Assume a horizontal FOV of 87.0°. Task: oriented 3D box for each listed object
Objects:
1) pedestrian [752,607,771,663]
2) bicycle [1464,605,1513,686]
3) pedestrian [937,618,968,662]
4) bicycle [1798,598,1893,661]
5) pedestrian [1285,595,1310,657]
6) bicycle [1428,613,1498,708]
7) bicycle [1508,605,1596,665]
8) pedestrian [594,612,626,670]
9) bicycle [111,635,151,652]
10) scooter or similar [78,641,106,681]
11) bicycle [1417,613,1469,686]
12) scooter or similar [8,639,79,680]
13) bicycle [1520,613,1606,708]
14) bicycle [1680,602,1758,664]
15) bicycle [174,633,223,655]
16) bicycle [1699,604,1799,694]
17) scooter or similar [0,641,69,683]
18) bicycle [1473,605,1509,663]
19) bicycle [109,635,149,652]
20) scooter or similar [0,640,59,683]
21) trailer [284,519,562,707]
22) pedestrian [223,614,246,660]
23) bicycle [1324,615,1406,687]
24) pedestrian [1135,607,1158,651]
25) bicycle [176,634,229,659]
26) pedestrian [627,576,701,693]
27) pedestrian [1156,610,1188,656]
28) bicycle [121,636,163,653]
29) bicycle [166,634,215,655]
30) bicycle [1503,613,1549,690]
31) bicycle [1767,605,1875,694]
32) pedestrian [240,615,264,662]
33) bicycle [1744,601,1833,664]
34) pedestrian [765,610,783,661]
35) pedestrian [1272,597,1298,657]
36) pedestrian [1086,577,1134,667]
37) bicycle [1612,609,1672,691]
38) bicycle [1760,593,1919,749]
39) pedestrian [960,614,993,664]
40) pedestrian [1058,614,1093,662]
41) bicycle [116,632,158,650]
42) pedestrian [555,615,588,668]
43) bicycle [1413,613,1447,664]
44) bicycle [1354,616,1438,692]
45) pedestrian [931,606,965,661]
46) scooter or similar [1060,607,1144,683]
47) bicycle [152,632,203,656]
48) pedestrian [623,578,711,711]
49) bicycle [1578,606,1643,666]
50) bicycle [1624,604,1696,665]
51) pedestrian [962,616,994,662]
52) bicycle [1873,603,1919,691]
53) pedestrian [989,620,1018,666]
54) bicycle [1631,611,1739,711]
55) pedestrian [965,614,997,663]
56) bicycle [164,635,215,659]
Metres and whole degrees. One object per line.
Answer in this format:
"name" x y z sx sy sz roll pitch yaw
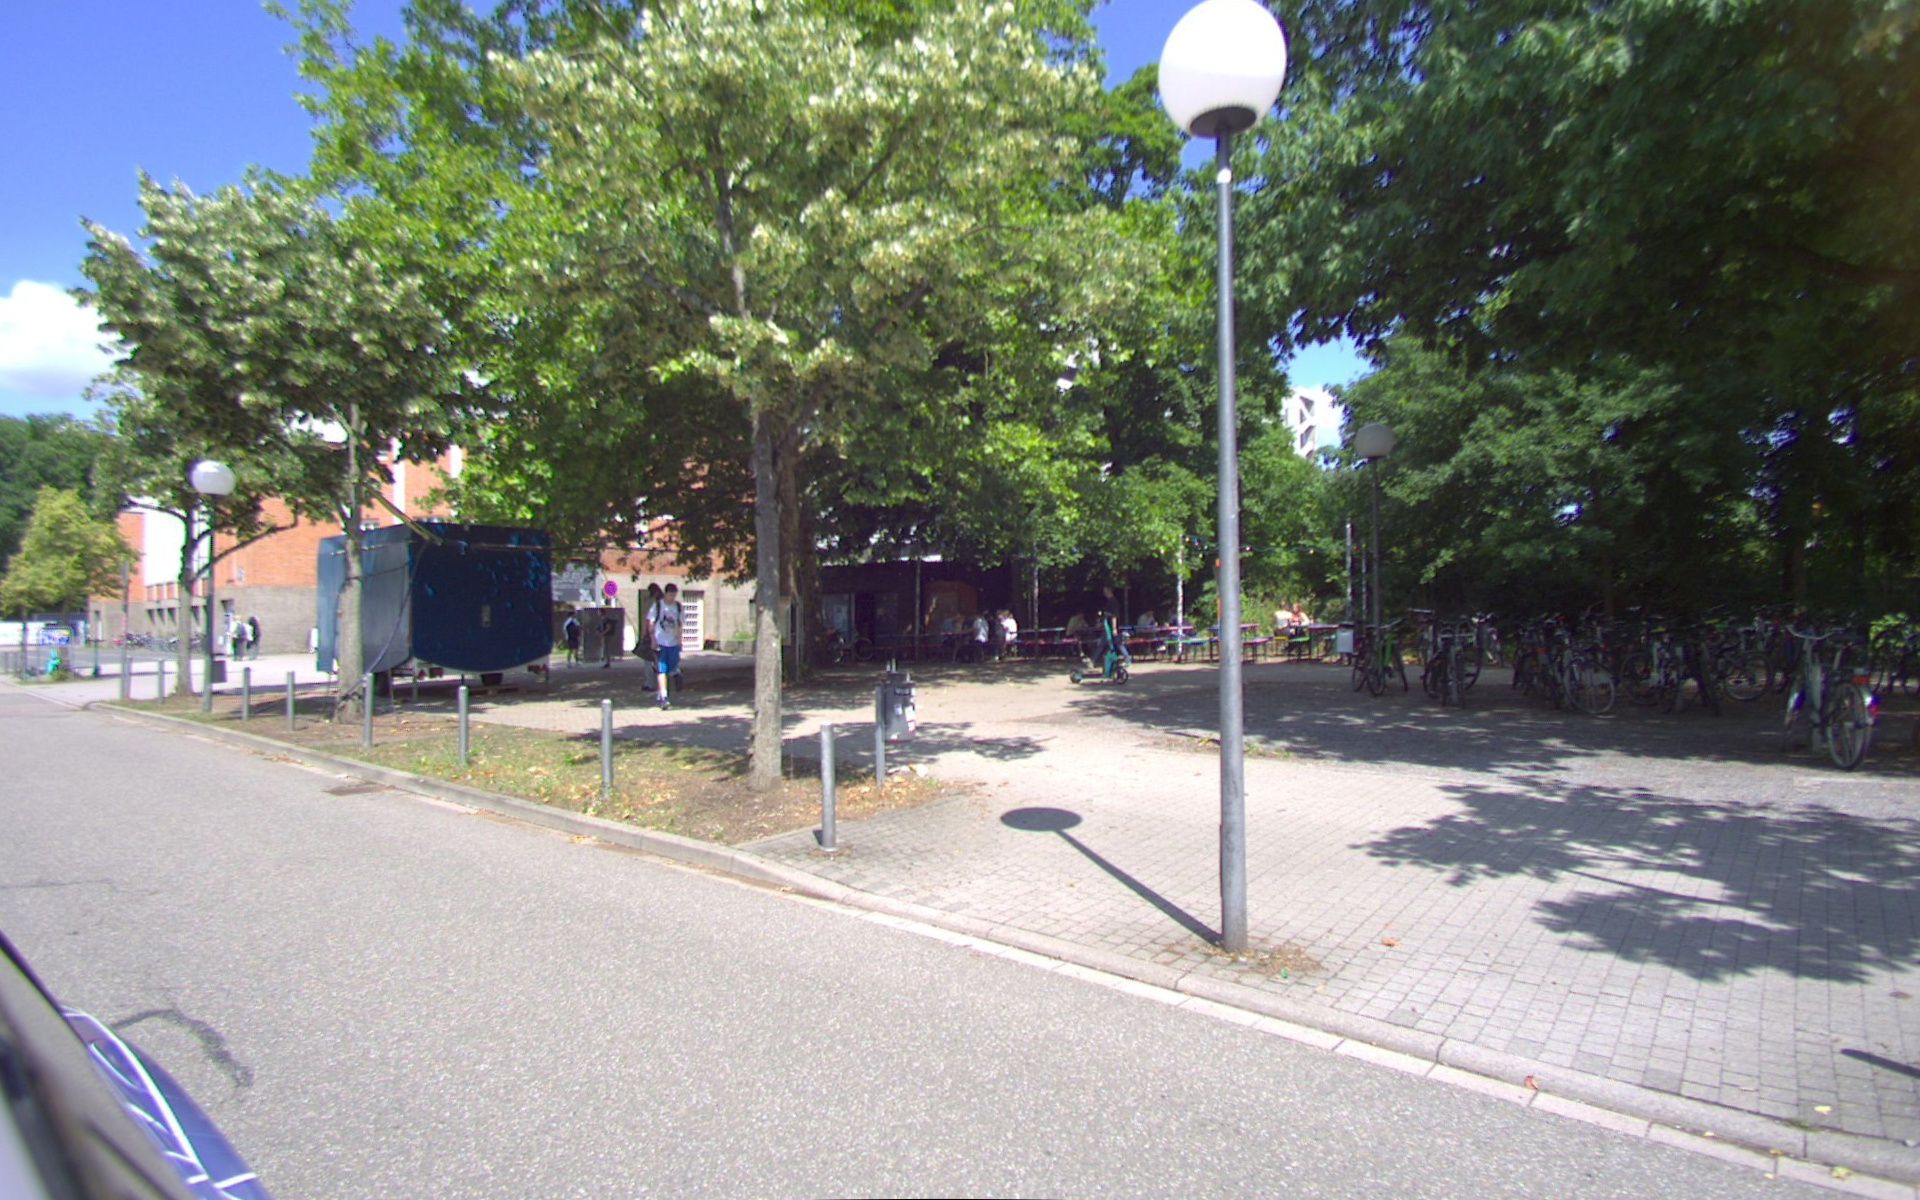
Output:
"pedestrian" -6.208 1.090 31.658 0.441 1.723 0.531 -2 -1 -3
"bicycle" 7.977 0.652 15.255 0.535 1.134 1.947 -2 -1 30
"pedestrian" -0.213 1.167 29.700 0.693 1.281 0.554 -2 -1 42
"bicycle" 16.318 0.518 18.698 0.592 1.099 1.946 0 0 18
"pedestrian" 8.455 0.655 25.360 0.472 1.534 0.502 -2 -1 30
"bicycle" 6.411 0.737 12.966 0.543 1.097 1.849 -2 -1 20
"bicycle" 11.373 0.645 19.521 0.589 1.099 1.957 0 0 2
"pedestrian" -10.268 1.192 29.714 0.643 1.678 0.623 -2 -1 42
"bicycle" -52.692 2.770 64.346 0.518 1.038 1.931 -2 -2 40
"scooter or similar" -26.580 1.854 30.994 0.556 1.158 1.352 0 -1 -37
"bicycle" 7.407 0.727 15.489 0.535 1.011 1.947 -2 -1 30
"scooter or similar" -28.955 1.874 32.003 1.548 1.234 0.572 0 -1 -22
"bicycle" 7.587 0.724 12.801 0.543 1.097 1.849 -2 -1 20
"bicycle" 14.430 0.602 19.295 0.592 1.099 1.946 0 0 18
"bicycle" -40.085 2.315 53.288 0.621 1.090 1.989 -2 -2 40
"bicycle" 10.435 0.617 13.447 0.534 1.097 1.952 -2 -1 23
"scooter or similar" -28.593 1.903 31.216 1.548 1.234 0.567 0 -1 -22
"bicycle" 10.611 0.654 20.239 0.594 1.099 1.940 0 0 28
"bicycle" -53.228 2.788 64.831 0.541 1.038 1.931 -2 -2 40
"scooter or similar" -28.313 1.849 30.578 1.548 1.234 0.526 0 -1 -22
"trailer" -10.531 0.272 19.572 6.263 3.049 2.668 -2 -1 41
"pedestrian" -28.347 1.426 39.553 0.805 1.775 0.557 -2 -1 40
"bicycle" 6.326 0.770 15.770 0.537 1.022 1.783 -2 -1 43
"pedestrian" 4.984 0.775 27.069 0.505 1.148 0.333 -2 -1 30
"bicycle" -37.395 2.286 49.980 0.666 1.134 2.001 -2 -2 40
"pedestrian" -5.206 0.582 17.800 0.906 1.969 0.894 -3 1 -39
"pedestrian" 5.602 0.876 26.759 0.728 1.203 0.388 -2 -1 32
"bicycle" -49.681 2.693 61.501 0.568 0.948 1.931 -2 -2 40
"bicycle" -41.395 2.362 54.443 0.663 1.069 2.001 -2 -2 40
"bicycle" 8.425 0.729 15.039 0.535 1.035 1.947 -2 -1 30
"bicycle" 11.568 0.633 13.656 0.544 1.097 1.951 -2 -1 24
"pedestrian" -27.974 1.517 39.989 0.917 1.793 0.570 -2 -1 41
"bicycle" 15.352 0.577 18.805 0.592 1.099 1.946 0 0 18
"pedestrian" -5.927 1.128 32.252 0.407 1.605 0.606 -2 -1 -1
"pedestrian" 7.882 0.650 24.556 0.458 1.433 0.501 -2 -1 31
"pedestrian" 3.204 0.468 21.629 0.805 1.862 0.524 -2 -1 42
"bicycle" 9.498 0.665 14.139 0.535 1.035 1.947 -2 -1 30
"bicycle" 7.173 0.524 8.313 0.456 1.140 1.765 -2 -1 23
"pedestrian" 0.434 0.994 25.998 0.734 1.243 0.594 -3 -1 7
"pedestrian" 3.111 1.029 27.304 0.764 1.260 0.565 -2 -1 30
"bicycle" -50.967 2.535 62.690 0.530 1.038 1.931 -2 -2 40
"pedestrian" -11.320 1.203 29.484 0.499 1.521 0.735 -2 -1 42
"bicycle" 9.593 0.759 20.639 0.544 0.949 1.866 0 0 28
"bicycle" 6.418 0.764 14.866 0.537 1.022 1.783 -2 -1 43
"pedestrian" -0.312 0.863 26.431 0.734 1.379 0.594 -3 -1 7
"scooter or similar" 2.442 0.757 17.474 1.241 1.255 0.691 -2 -1 41
"bicycle" -39.704 2.230 51.381 0.439 1.134 1.999 -2 0 45
"pedestrian" -4.239 0.622 14.645 0.986 1.844 0.791 -2 -1 42
"bicycle" 12.634 0.671 19.701 0.592 1.099 1.946 0 0 18
"bicycle" 13.353 0.633 19.353 0.592 1.099 1.946 0 0 18
"pedestrian" 0.508 1.106 29.049 0.693 1.281 0.554 -2 -1 42
"bicycle" 12.612 0.599 13.108 0.544 1.097 1.951 -2 -1 24
"pedestrian" 1.289 1.253 29.915 0.559 1.333 0.638 -2 -2 42
"bicycle" 8.720 0.694 12.247 0.543 1.097 1.849 -2 -1 20
"pedestrian" 0.552 0.997 26.609 0.734 1.243 0.594 -3 -1 7
"bicycle" -38.955 2.375 51.192 0.592 1.134 2.000 -2 -2 42

= = = = =

Take the lines above from the first through the one containing "6) bicycle [1428,613,1498,708]" and reproduce them exactly; include nothing else.

Assume a horizontal FOV of 87.0°. Task: oriented 3D box for each listed object
Objects:
1) pedestrian [752,607,771,663]
2) bicycle [1464,605,1513,686]
3) pedestrian [937,618,968,662]
4) bicycle [1798,598,1893,661]
5) pedestrian [1285,595,1310,657]
6) bicycle [1428,613,1498,708]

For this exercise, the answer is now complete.